I'd guess (outside of a few people commenting on this thread) practicall no-one has even though of using Skype because it's not MS, they use Skype becuase it's Skype and that's what their mates use. In the same way that people use Google or Facebook becuase it's what everyone else uses, people bearly think that there is a company behind these services. At home I have skype installed on Windows, Mac OS and Linux because it's what the family and a few friends use, I wouldn't even have it installed on anything, particularly Linux (the Linux client is terrible) if not for that reason.
This is the second time someone has paid appallingly over the odds for Skype. What's in the water coolers there than makes buyers go mad?
If Microsoft do mess around with it, people will go elsewhere. VOIP isn't hard.

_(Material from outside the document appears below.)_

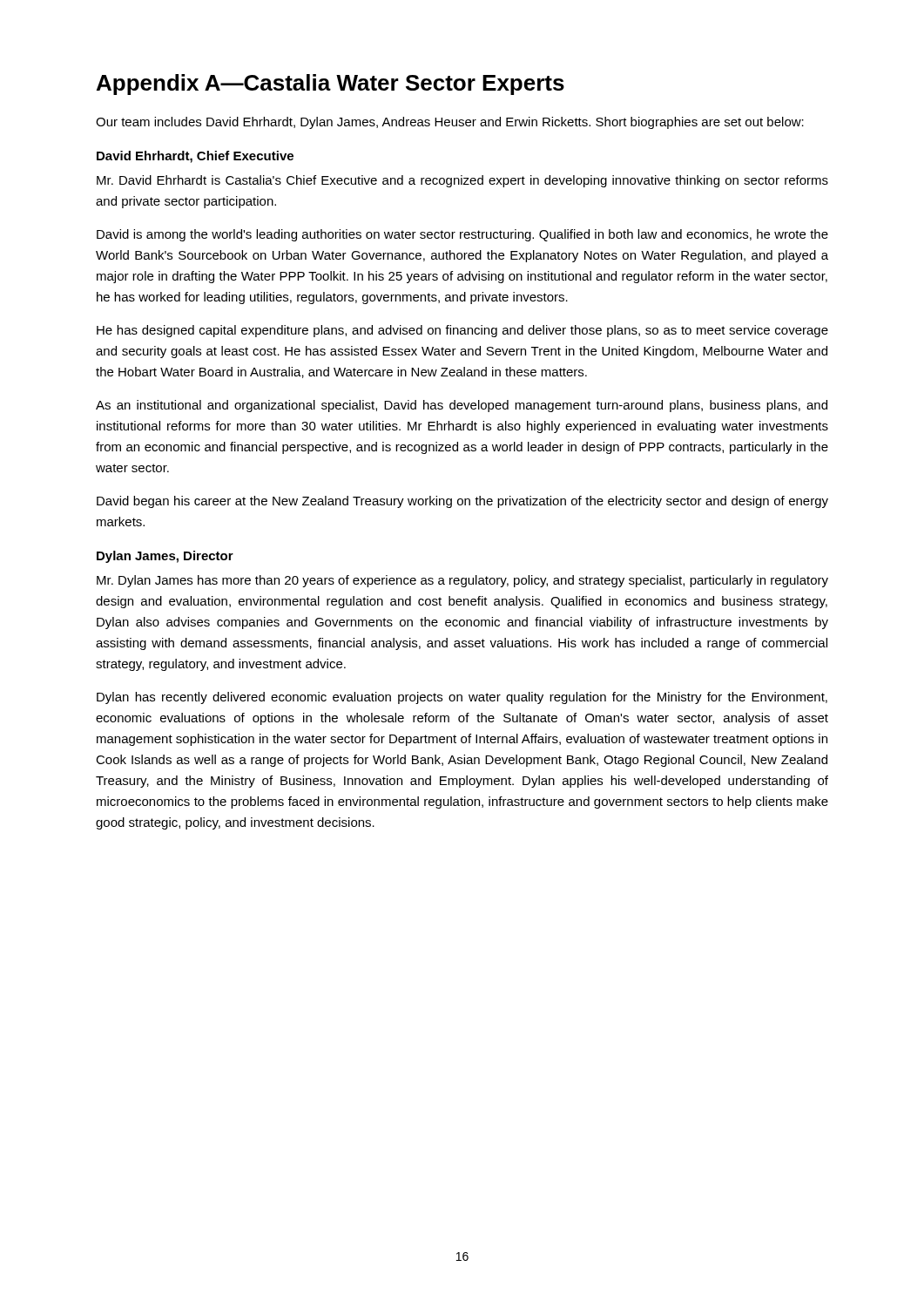Viewport: 924px width, 1307px height.
Task: Navigate to the passage starting "Our team includes David"
Action: (x=450, y=122)

About the only reason to buy it that I can think of that makes sense is that there is a serious secret subsidy from the NSA who want to be able to listen into Skype calls. With it owned by Microsoft, they could have the encryption 'enhanced' so that they can.
Skype - once it is owned by a US company - will have to comply with (warranted and possibly un-warranted) US wiretaps and the 'concerned' calls from powerful (and well-lobbied) politicians who don't like something somebody is saying over Skype.
If you are concerned about MS, then you don't understand Homeland Security, the NSA, and the US Gov't very well...
...but that doesn't alter the fact that it sucks worse than Skype.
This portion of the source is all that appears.